The general slope of the county is to the west and south. Its principal streams are the Rock river, Elkhorn, Sugar, Grove, Spring, Rock, Lynn, Spring (west) and Otter creeks. The Rock river - Sinnissippi of the Indians-rises in the southern part of Wisconsin, flows southwesterly and falls into the Mississippi about four miles south of Rock Island. It is a tortuous stream obstructed by many rapids and furnishing an abundance of waterpower, which is used at two points in the county, Sterling and Lyndon. Its course within the county is about 50 miles; its total length about 200 miles. It is too shallow for navigation except in times of floods, and the current is through most of its course very strong. Elkhorn creek rises in the east part of Carroll County and flows a generally southwesterly course falling into Rock river about seven miles southwest of Sterling. It has two branches-Sugar creek flowing from the east across Jordan township with a course of about seven miles, and Spring creek flowing from Carroll County southerly into the Elkhorn with a length of about ten miles. The Elkhorn is quite winding, has considerable fall, and furnishes some water power; it is about forty-five miles long Grove creek is a small stream rising in the northern part of Hopkins township and flowing into the Rock river; it is about ten miles long Rock creek rises in the eastern part of Carroll County and flows by a winding channel south-westerly into Rock river about a mile east of Erie. It affords a tolerable waterpower at several points in its course. It has a length of about fifty-five miles. It has two branches of some note - Little Rock creek flowing from Carroll County south with a course of about fifteen miles, and Lynn creek rising in the southeast part of Garden Plain township and flowing south-east with a length of about twelve miles. West Spring creek rises near the center of the southern tier of sections in Garden Plain township, flows west to near the town line and then turns slightly to the northeast and falls into the Mississippi; it is about ten miles long. Otter creek is formed by a stream flowing from Carroll County and one rising in the eastern part of Ustick. It flows west into the Mississippi; length about fifteen miles.

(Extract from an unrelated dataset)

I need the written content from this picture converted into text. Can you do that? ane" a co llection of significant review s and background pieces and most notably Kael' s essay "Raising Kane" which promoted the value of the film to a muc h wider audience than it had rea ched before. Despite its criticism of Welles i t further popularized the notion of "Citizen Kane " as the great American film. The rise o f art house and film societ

The highest lands in the county are all the northeastern part and probably attain an elevation of at least 800 feet above the level of the sea. The Mississippi bluffs are from 90 to 150 feet above the river.

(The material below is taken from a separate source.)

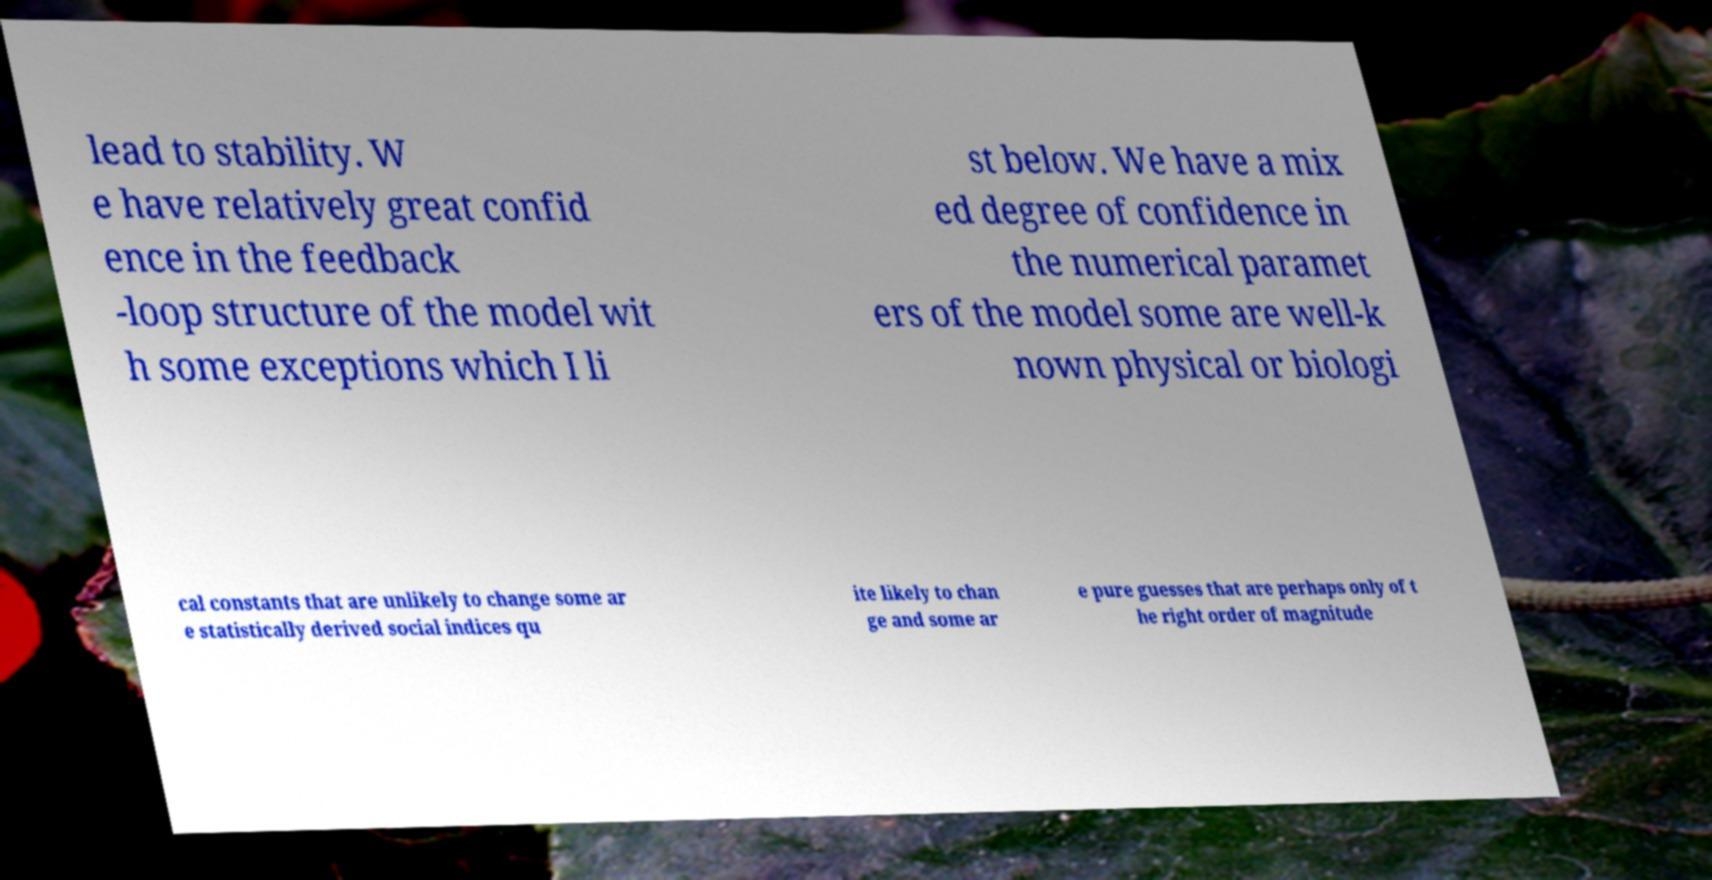Can you read and provide the text displayed in the image?This photo seems to have some interesting text. Can you extract and type it out for me? lead to stability. W e have relatively great confid ence in the feedback -loop structure of the model wit h some exceptions which I li st below. We have a mix ed degree of confidence in the numerical paramet ers of the model some are well-k nown physical or biologi cal constants that are unlikely to change some ar e statistically derived social indices qu ite likely to chan ge and some ar e pure guesses that are perhaps only of t he right order of magnitude

The soil of the county is in general highly fertile, and corn, oats, rye, barley potatoes, and all kind. of vegetables are grown, and yield large crops. Wheat is raised, but the yield is not large, nor is it a certain crop. Strawberries and raspberries thrive, but apples, pears and other fruits bear irregularly and seldom produce large crops. Hogs are raised in great numbers, and much attention is given to rearing cattle and horses, some parts of the county being especially well fitted for pasturage. There are some extensive areas of sandy land, on which the soil is thin, and when it is once broken through the tract becomes a waste of drifting sand, spreading from year to year, and carrying ruin beyond its original bounds. In Fulton, Garden Plain, Albany, Newton, Erie and Prophetstown, these sandy wastes are found, their only products Euphorbia -- spurge of several species, and sand burs.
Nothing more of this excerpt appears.